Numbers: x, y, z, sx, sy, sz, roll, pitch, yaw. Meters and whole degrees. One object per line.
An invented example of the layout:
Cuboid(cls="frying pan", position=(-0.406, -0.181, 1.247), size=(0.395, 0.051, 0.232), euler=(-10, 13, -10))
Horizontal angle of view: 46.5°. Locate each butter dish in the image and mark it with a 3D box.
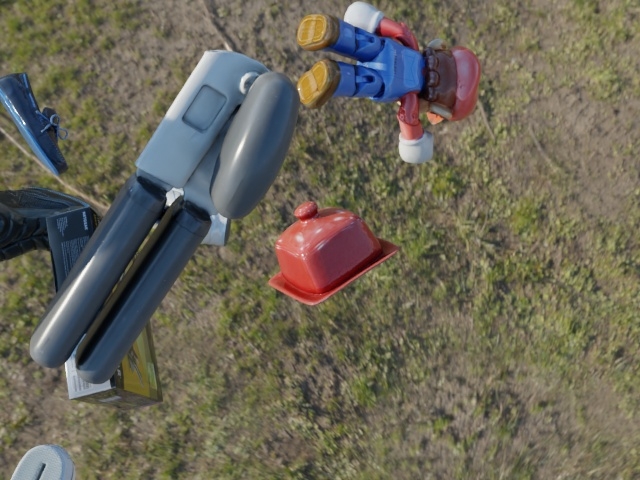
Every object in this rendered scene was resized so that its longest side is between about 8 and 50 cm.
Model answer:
Cuboid(cls="butter dish", position=(0.000, 0.000, 1.056), size=(0.160, 0.118, 0.160), euler=(-32, 22, -19))

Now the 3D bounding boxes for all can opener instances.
Cuboid(cls="can opener", position=(-0.113, -0.006, 0.534), size=(0.283, 0.076, 0.095), euler=(-55, 29, 11))

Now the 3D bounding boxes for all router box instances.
Cuboid(cls="router box", position=(-0.367, 0.127, 1.285), size=(0.081, 0.243, 0.308), euler=(-14, 72, 1))

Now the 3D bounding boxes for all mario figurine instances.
Cuboid(cls="mario figurine", position=(0.101, -0.239, 1.140), size=(0.170, 0.321, 0.198), euler=(48, 124, 48))

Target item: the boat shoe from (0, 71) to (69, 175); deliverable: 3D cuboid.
Cuboid(cls="boat shoe", position=(-0.613, -0.264, 1.622), size=(0.089, 0.109, 0.258), euler=(-32, 88, -22))

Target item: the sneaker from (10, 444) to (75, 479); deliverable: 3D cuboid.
Cuboid(cls="sneaker", position=(-0.377, 0.384, 0.926), size=(0.094, 0.091, 0.258), euler=(23, 69, 12))

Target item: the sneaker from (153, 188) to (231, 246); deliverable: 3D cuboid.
Cuboid(cls="sneaker", position=(-0.271, -0.077, 1.375), size=(0.129, 0.111, 0.297), euler=(-6, 25, -30))

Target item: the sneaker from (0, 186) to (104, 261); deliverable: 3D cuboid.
Cuboid(cls="sneaker", position=(-0.574, -0.037, 1.384), size=(0.140, 0.341, 0.125), euler=(43, 118, 46))

___

* Task directions: Filter the entries above and keep only the lines with the word "object".

* Answer to this exercise:
Numbers: x, y, z, sx, sy, sz, roll, pitch, yaw. Meters and whole degrees. One object per line.
Every object in this rendered scene was resized so that its longest side is between about 8 and 50 cm.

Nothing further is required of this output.